SURF PROFESSIONNEL ET SURF BUSINESS : LE COMBAT DES CHEFS

Le combat attendu des deux meilleurs surfeurs européens, Jérémy Florès et Joan Duru, constitue non seulement un enjeu sportif où deux styles s’opposent, mais participe également d’une concurrence de leurs sponsors respectifs. Coulisses dans le monde du surf professionnel.

Le combat attendu des deux meilleurs surfeurs européens, Jérémy Florès et Joan Duru, constitue non seulement un enjeu sportif où deux styles s’opposent, mais participe également d’une concurrence de leurs sponsors respectifs. Coulisses dans le monde du surf professionnel.

Les Surfeurs poussent l’organisation mondiale professionnelle (ASP) à se moderniser.

Après la première tentative d’organisation du surf professionnel (International Professionnel Surfers) au milieu des années soixante-dix, à l’initiative des surfeurs pros,l’Association des Surfeurs Professionnels (ASP) a vu le jour en 1976.Après plusieurs années d’existence, l’ASP avait pris une direction plus radicale en proposant aux organisations de compétitions professionnelles la création de deux divisions complémentaires, le circuit WCT (top 44 mondial) et le circuit WQS (deuxième division).

Afin d’éviter la démultiplication des titres mondiaux compris par les seuls protagonistes, l’ASP a souhaité modifier ses règles en 2010 en créant un seul classement mondial destiné à resserrer et valoriser l’élite tout en favorisant un accès plus rapide des jeunes surfeurs talentueux. Ainsi l'ASP espère dynamiser et rendre plus attractif un circuit professionnel qui ronronne depuis de nombreuses années grâce essentiellement au talentueux et charismatique Kelly Slater dont la longévité constitue la principale valeur de leur fond de commerce.

En réalité, l’ASP avait bien senti qu’une révolution de velours portée en coulisse par Kelly Slater et quelques complices, pouvait porter un coup d’arrêt brutal au monopole de leur organisation.
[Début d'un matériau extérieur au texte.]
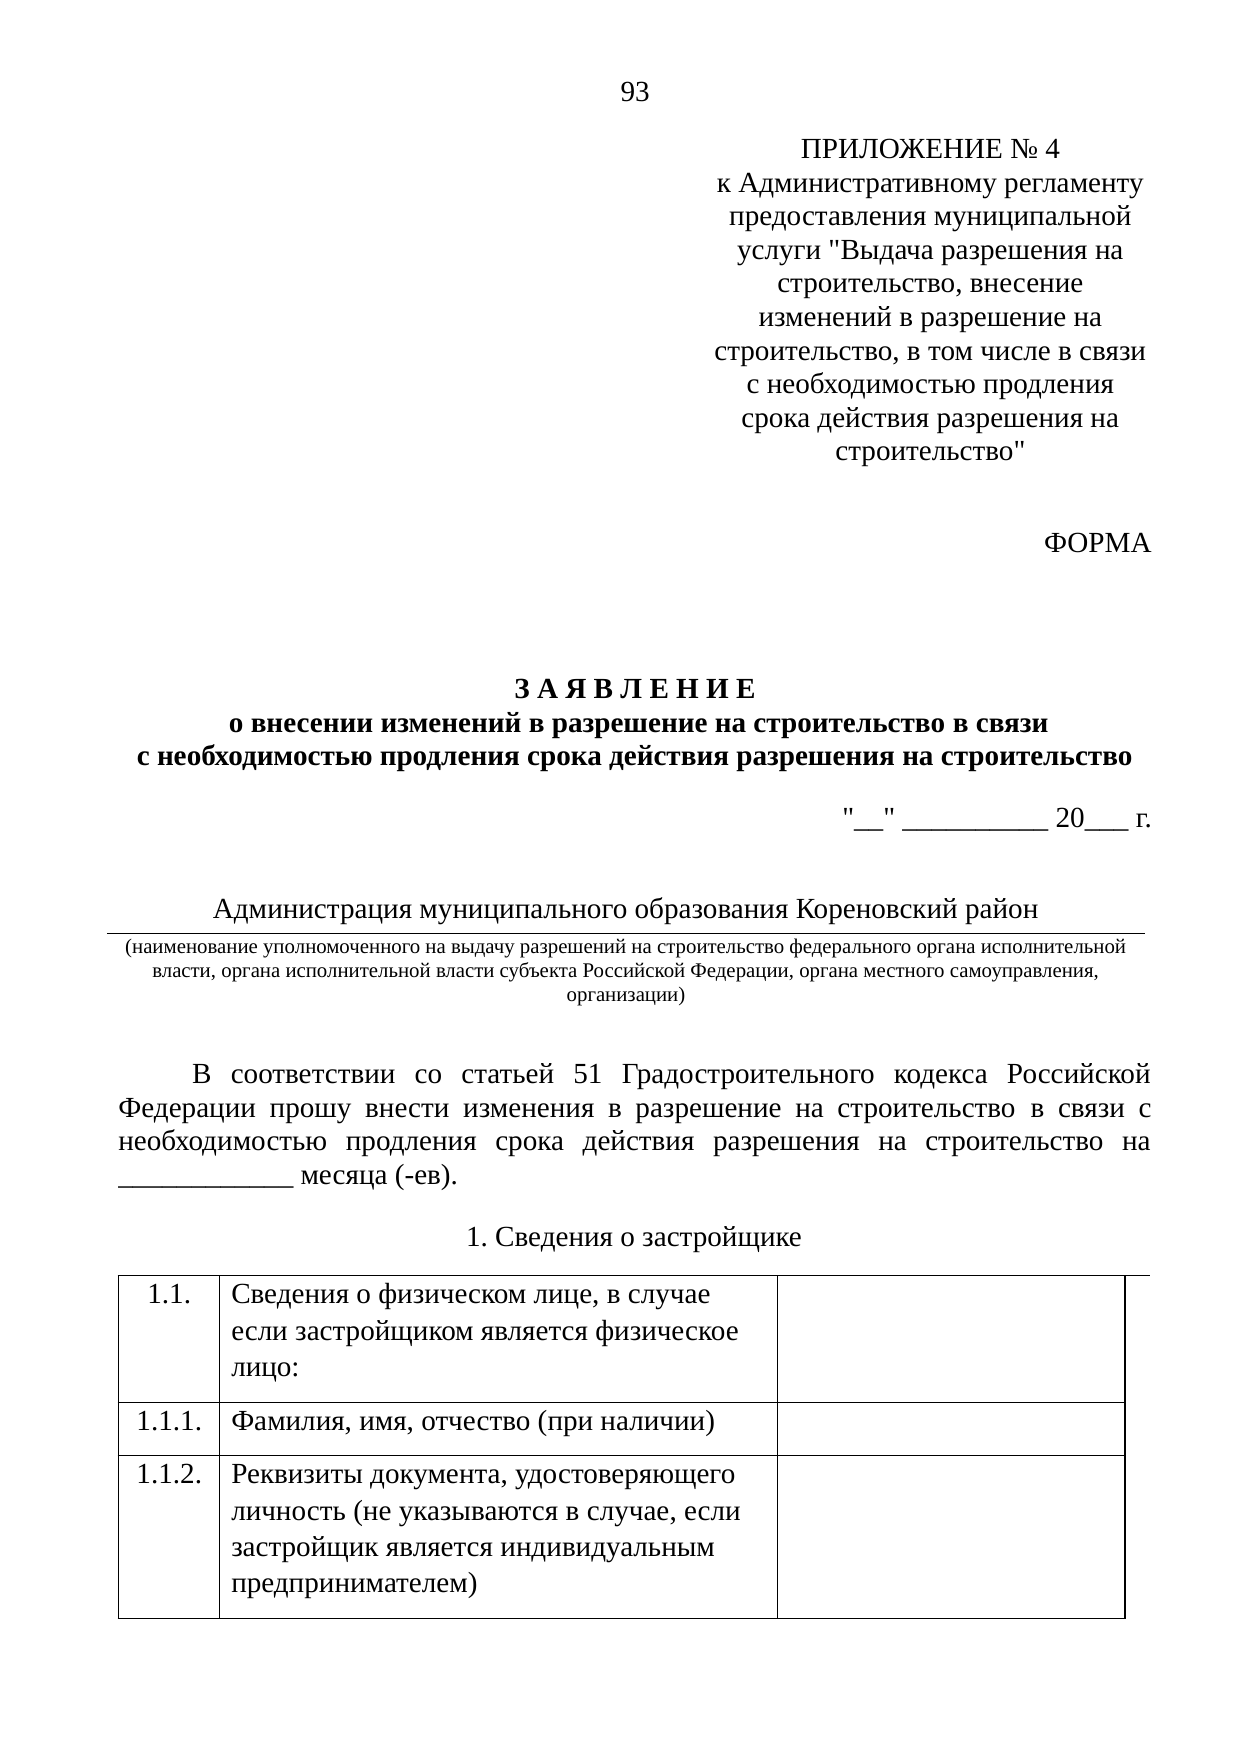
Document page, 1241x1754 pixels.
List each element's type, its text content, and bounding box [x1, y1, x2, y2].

table_cell [778, 1403, 1124, 1455]
table_cell Сведения о физическом лице, в случае если застройщиком является физическое лицо: [220, 1276, 777, 1402]
text З А Я В Л Е Н И Е [118, 671, 1152, 705]
table_cell [778, 1456, 1124, 1618]
table_cell [1126, 1276, 1149, 1402]
table_cell Реквизиты документа, удостоверяющего личность (не указываются в случае, если застройщик является индивидуальным предпринимателем) [220, 1456, 777, 1618]
text о внесении изменений в разрешение на строительство в связи с необходимостью продления срока действия разрешения на строительство [118, 705, 1152, 772]
table_cell (наименование уполномоченного на выдачу разрешений на строительство федерального органа исполнительной власти, органа исполнительной власти субъекта Российской Федерации, органа местного самоуправления, организации) [107, 934, 1144, 1027]
text В соответствии со статьей 51 Градостроительного кодекса Российской Федерации прошу внести изменения в разрешение на строительство в связи с необходимостью продления срока действия разрешения на строительство на ____________ месяца (-ев). [118, 1056, 1152, 1190]
table_cell [1126, 1455, 1149, 1618]
table_cell [778, 1276, 1124, 1402]
table_cell 1.1. [119, 1276, 219, 1402]
table_cell 1.1.2. [119, 1456, 219, 1618]
table_header Администрация муниципального образования Кореновский район [107, 892, 1144, 933]
table_cell Фамилия, имя, отчество (при наличии) [220, 1403, 777, 1455]
text ПРИЛОЖЕНИЕ № 4 к Административному регламенту предоставления муниципальной услуги "Выдача разрешения на строительство, внесение изменений в разрешение на строительство, в том числе в связи с необходимостью продления срока действия разрешения на строительство" [709, 131, 1152, 467]
table_cell [1126, 1402, 1149, 1455]
table_cell 1.1.1. [119, 1403, 219, 1455]
text "__" __________ 20___ г. [118, 801, 1152, 834]
text ФОРМА [709, 525, 1152, 559]
table_header 1. Сведения о застройщике [118, 1219, 1149, 1275]
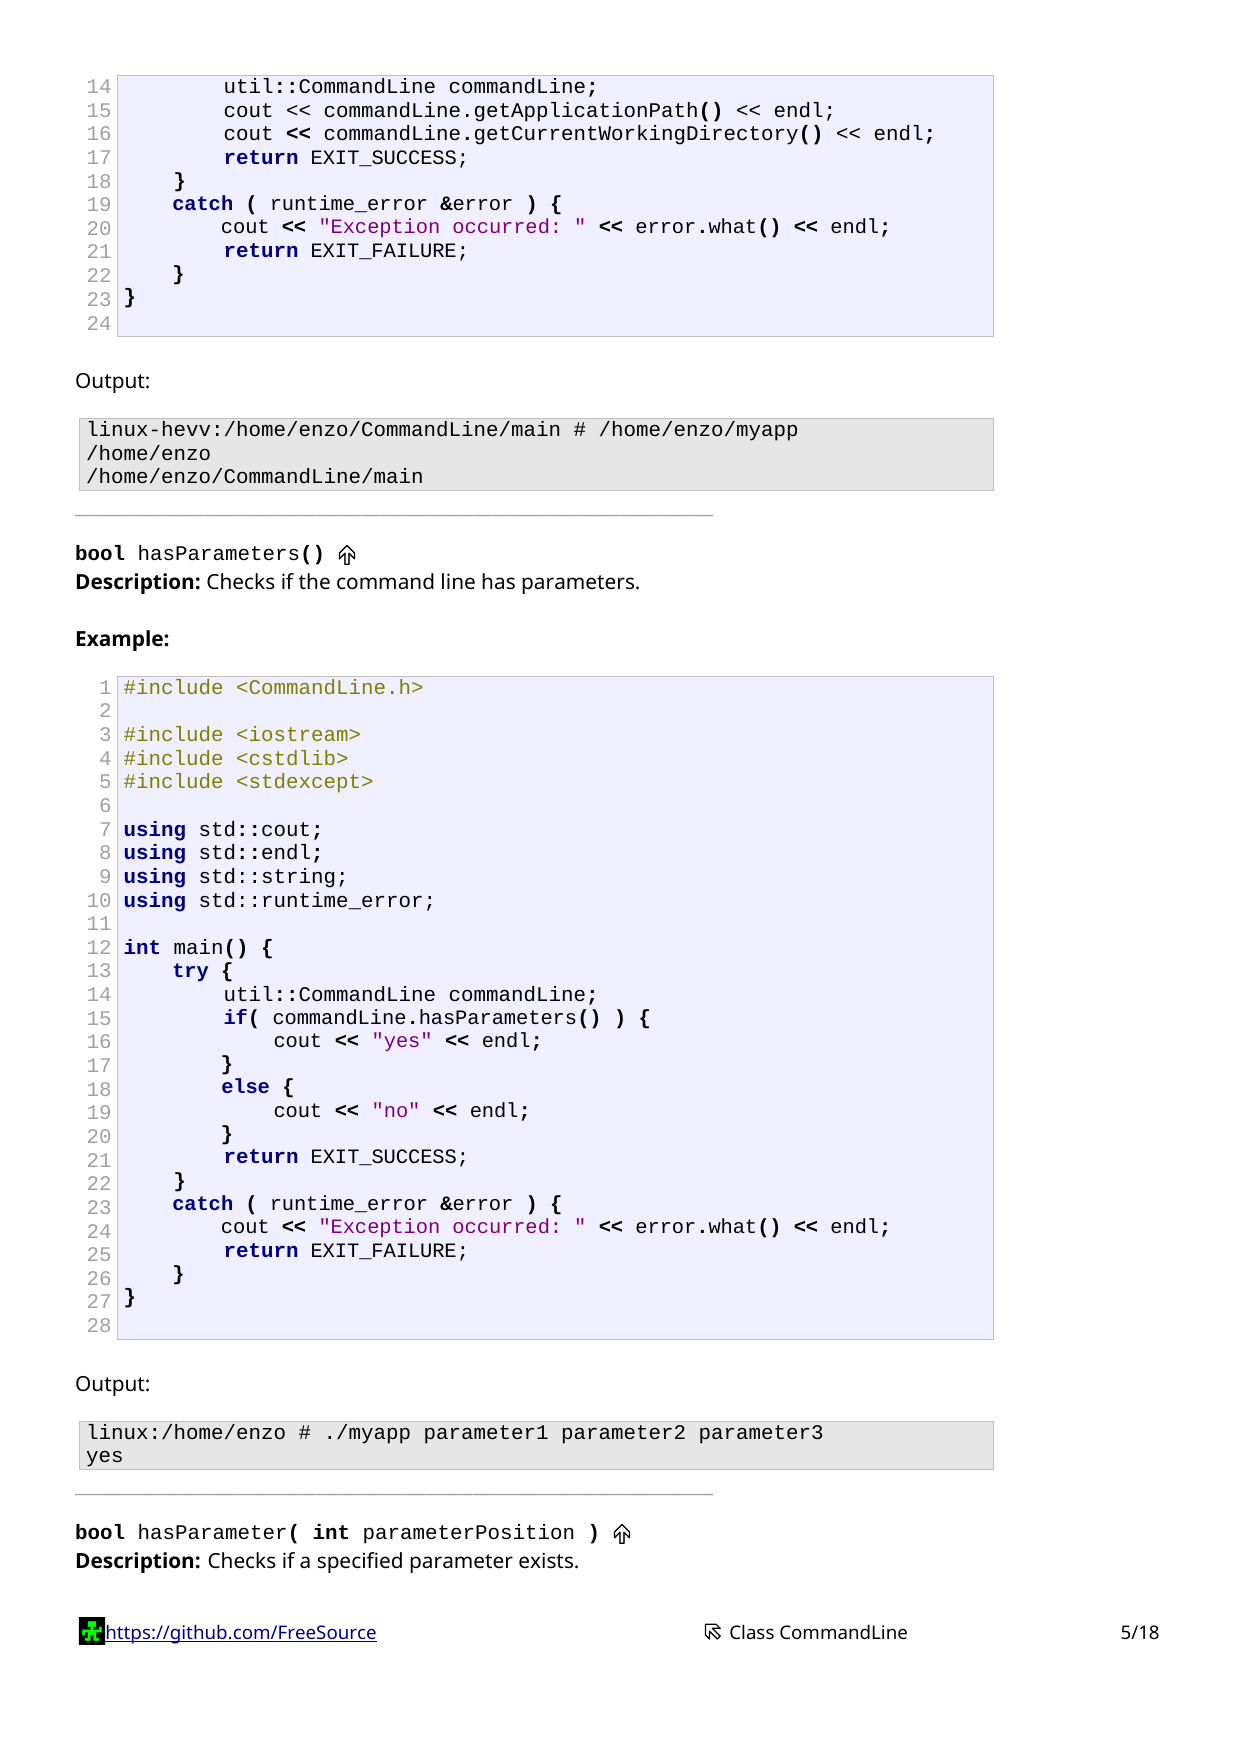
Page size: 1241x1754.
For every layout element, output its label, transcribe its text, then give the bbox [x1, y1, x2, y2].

text Output: [75, 1369, 1165, 1397]
text bool hasParameters()  [75, 519, 1165, 567]
text _____________________________________________________________________ [75, 1470, 1165, 1498]
text Description: Checks if the command line has parameters. [75, 567, 1165, 595]
picture [78, 1617, 106, 1645]
table_header util::CommandLine commandLine; cout << commandLine.getApplicationPath() << endl; cout << commandLine.getCurrentWorkingDirectory() << endl; return EXIT_SUCCESS; } catch ( runtime_error &error ) { cout << "Exception occurred: " << error.what() << endl; return EXIT_FAILURE; } } [118, 76, 993, 336]
table_header linux:/home/enzo # ./myapp parameter1 parameter2 parameter3 yes [80, 1422, 993, 1469]
text _____________________________________________________________________ [75, 491, 1165, 519]
text bool hasParameter( int parameterPosition )  [75, 1498, 1165, 1546]
text Example: [75, 624, 1165, 652]
table_header 1 2 3 4 5 6 7 8 9 10 11 12 13 14 15 16 17 18 19 20 21 22 23 24 25 26 27 28 [80, 676, 117, 1339]
table_header #include <CommandLine.h> #include <iostream> #include <cstdlib> #include <stdexcept> using std::cout; using std::endl; using std::string; using std::runtime_error; int main() { try { util::CommandLine commandLine; if( commandLine.hasParameters() ) { cout << "yes" << endl; } else { cout << "no" << endl; } return EXIT_SUCCESS; } catch ( runtime_error &error ) { cout << "Exception occurred: " << error.what() << endl; return EXIT_FAILURE; } } [118, 677, 993, 1339]
text Output: [75, 366, 1165, 394]
text Description: Checks if a specified parameter exists. [75, 1546, 1165, 1574]
table_header linux-hevv:/home/enzo/CommandLine/main # /home/enzo/myapp /home/enzo /home/enzo/CommandLine/main [80, 419, 993, 490]
table_header 14 15 16 17 18 19 20 21 22 23 24 [80, 75, 117, 336]

Fort du succès médiatique des X Games (sorte de Jeux Olympique des sports extrêmes) le groupe de communication américain ESPN, sensible aux atermoiement des meilleurs surfeurs de la planète avait envisagé de créer un nouveau circuit pro, moins ennuyeux, plus fun, mieux doté financièrement et plus médiatisé. La réaction de l’ASP ne s'est pas fait attendre.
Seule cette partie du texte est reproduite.